03 🍁 Take Off

T a k e O f f

🍂🍂🍂

"Kamu jadi pulang hari ini?" Entah sudah berapa kali wanita di ujung sana mengulang kalimat yang sama.

Kalau kujumlah, kurang lebih hampir 100 kali ia terus memastikan apakah aku benar-benar akan kembali hari ini ke Indonesia. Bahkan, saat akan pergi menimba ilmu di negeri orang, ia sudah bertanya kapan aku akan pulang. Terbang meninggalkan tanah kelahiran saja belum, aku sampai tidak tega untuk meninggalkan rumah.

"Insyaallah," ucapku diselingi tawa kecil. "Tapi mungkin aku masih mampir sebentar."

Terdengar bunyi benda jatuh dari ujung telepon, sebelum akhirnya seorang pria berseru kecil. "Ma, kalau lagi telponan duduk aja dong. Apelnya jadi jatuh semua."

Suara Papa terdengar samar-samar. Nampaknya mereka tengah berada di dapur.

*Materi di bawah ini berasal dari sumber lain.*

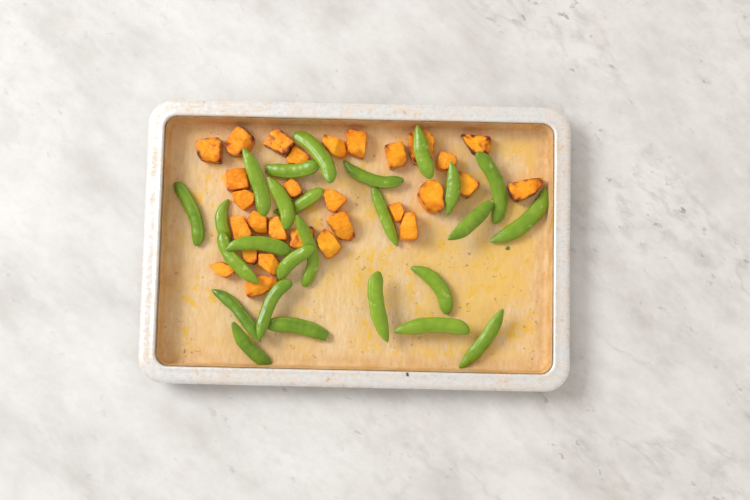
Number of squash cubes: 29
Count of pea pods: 26
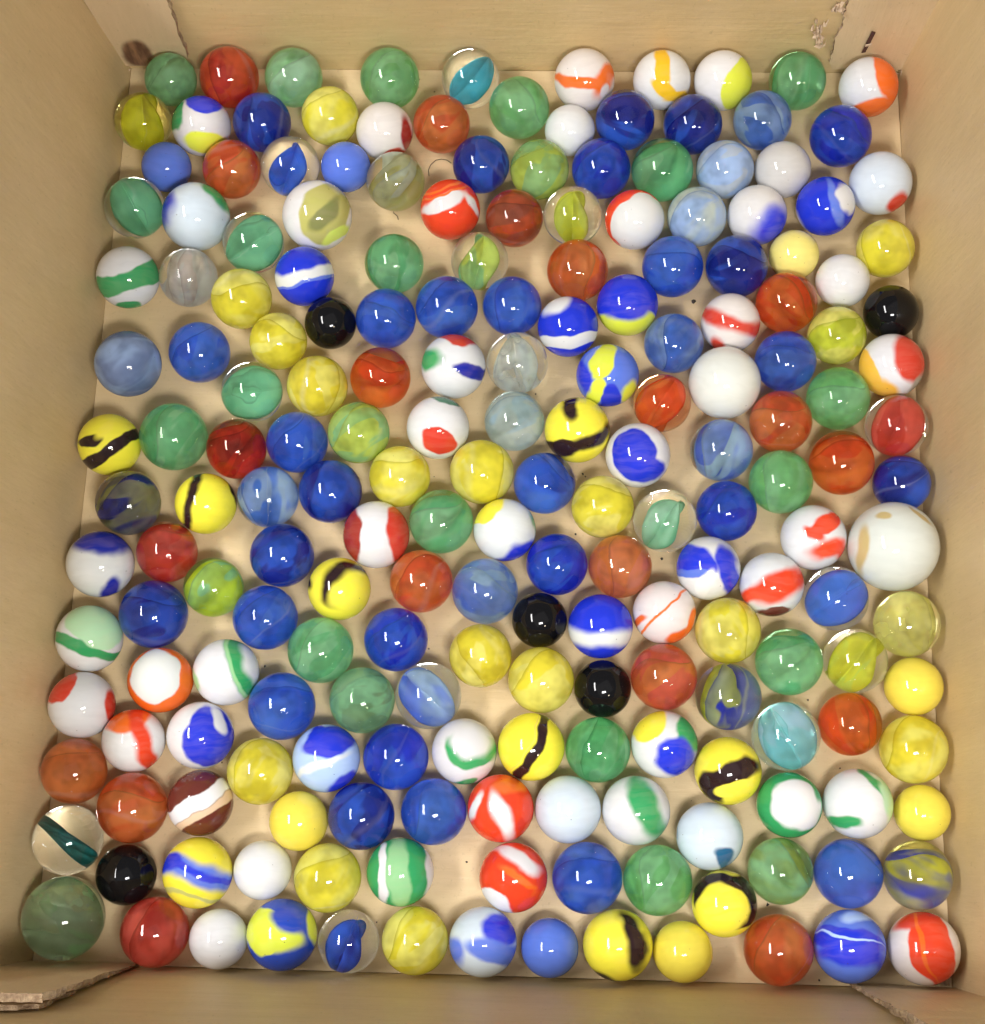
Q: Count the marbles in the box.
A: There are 200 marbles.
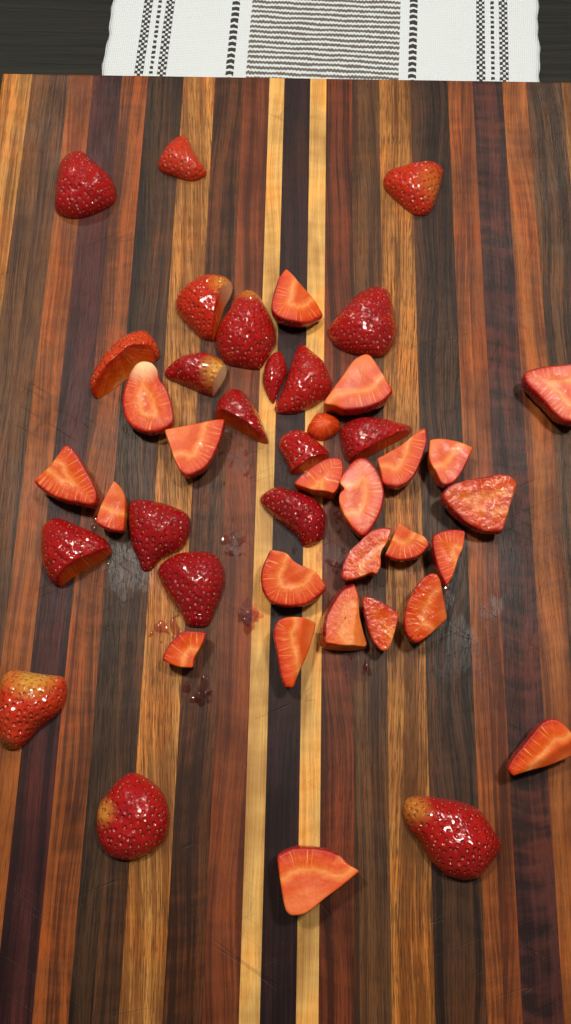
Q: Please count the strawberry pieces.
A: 44
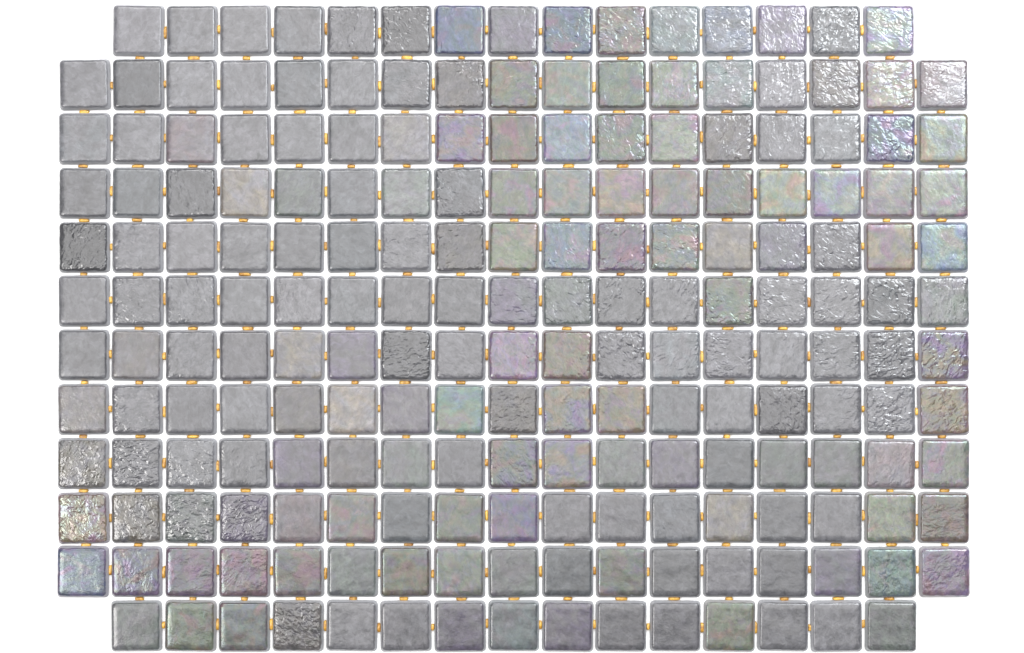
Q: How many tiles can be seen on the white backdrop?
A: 200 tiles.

Namun, Mama tidak menggubris kalimat Papa dan lebih memilih untuk melemparkan pertanyaan selanjutnya padaku.

"Mau mampir ke mana dulu? Binar, kamu itu bukan lagi naik ojol loh pakai mampir-mampir segala," ucap Mama dengan nada sewot.

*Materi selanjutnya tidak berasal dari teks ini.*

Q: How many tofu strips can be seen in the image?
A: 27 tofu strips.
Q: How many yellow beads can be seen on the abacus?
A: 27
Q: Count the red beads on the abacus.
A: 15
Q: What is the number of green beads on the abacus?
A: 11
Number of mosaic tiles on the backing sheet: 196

Dari dulu, Mama adalah orang yang paling tidak bisa berjauhan terlalu lama denganku. Keputusanku untuk ikut mondok bersama Meda saja, ternyata sempat membuatnya khawatir. Ia takut jika aku tidak memiliki seorang teman, dan susah beradaptasi dengan lingkungan pesantren.

Meski Meda ada di sana, tapi kami jelas punya wilayah yang berbeda. Tidak akan ada gadis itu yang menolong jika terjadi sesuatu padaku. Tapi toh, selama satu tahun mengampu pendidikan di sekolah umum, aku sama sekali tidak kesulitan untuk mendapatkan seorang teman.

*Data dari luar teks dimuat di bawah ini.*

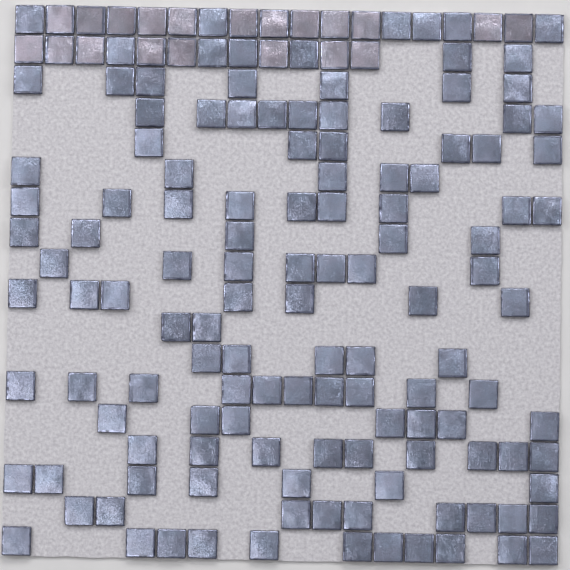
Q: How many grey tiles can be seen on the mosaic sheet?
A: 20
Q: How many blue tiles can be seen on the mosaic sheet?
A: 127
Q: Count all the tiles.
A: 147
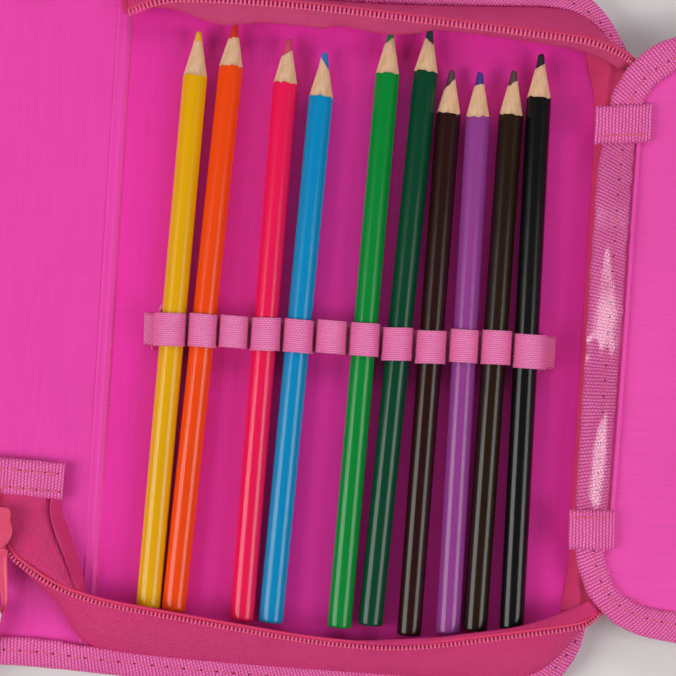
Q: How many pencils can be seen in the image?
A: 10
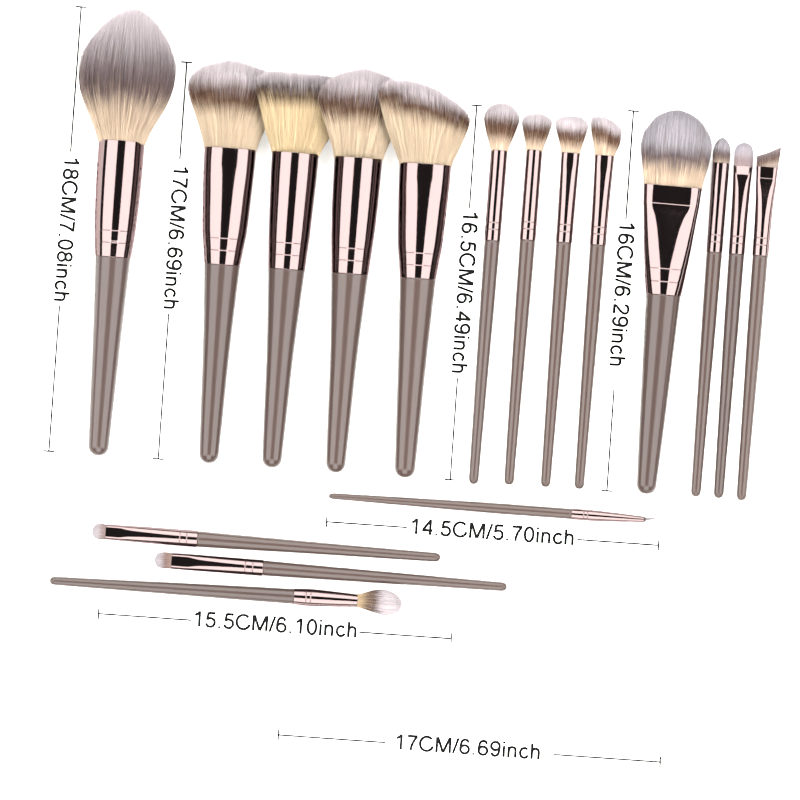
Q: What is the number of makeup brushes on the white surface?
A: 17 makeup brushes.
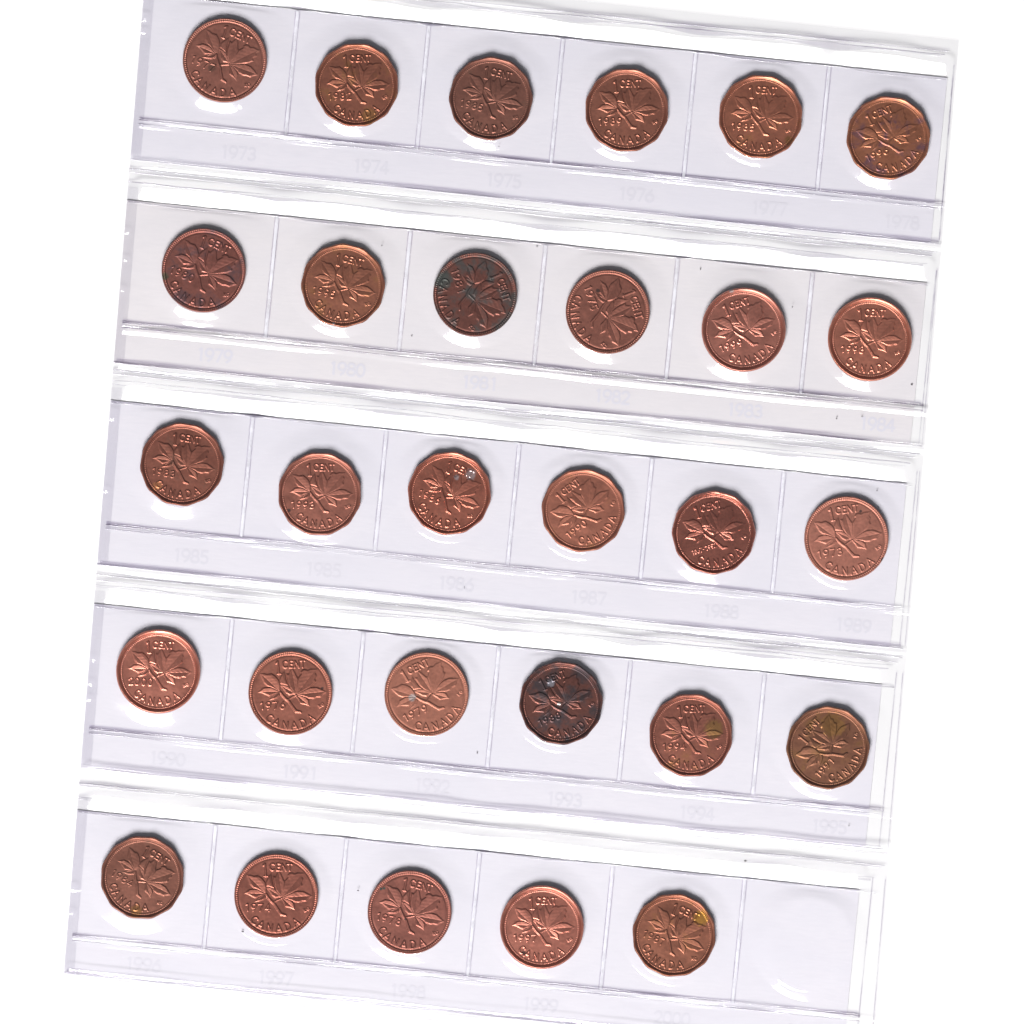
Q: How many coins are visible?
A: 29
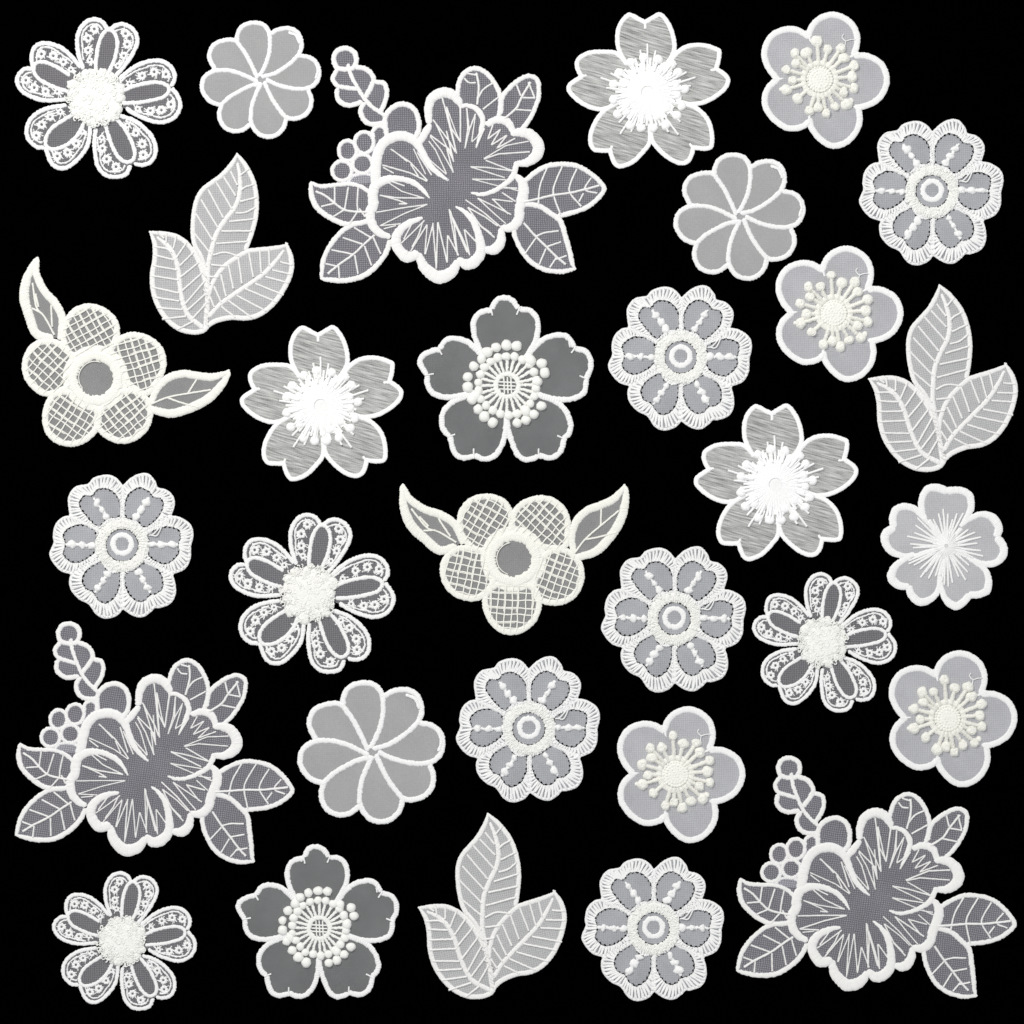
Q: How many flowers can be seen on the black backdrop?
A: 28
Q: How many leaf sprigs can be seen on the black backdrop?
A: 3

Lupakan masa lalu, tidak perlu menjadi kerdi. Terus saja berjalan maju, karena kehidupan tidak akan pernah berjalan mundur.

Sebulan aku di pondok, menjadi masa percobaan yang diberikan Papa dan Mama. Jika aku tidak betah atau mendengar berita tidak mengenakkan tentang anaknya, Papa dan Mama akan menjemputku pulang dan kembali bersekolah di sekolah umum. Namun, apabila aku terlihat baik-baik saja dan merasa nyaman serta memiliki teman. Mereka akan melepaskanku untuk terus berada di Darul Akhyar.

Antara tantangan juga ancaman di satu waktu.

"Mau ke mana, Nak?" Mama mengulang pertanyaannya.

Aku tidak menjawab. Bukan karena ingin merahasiakannya dari kedua orang tuaku, tapi panggilan untuk penumpang pesawat yang aku naiki sudah berbunyi. Kurasa tanpa perlu menjawab juga, Mama sudah dengan pasti tahu aku akan pergi ke mana.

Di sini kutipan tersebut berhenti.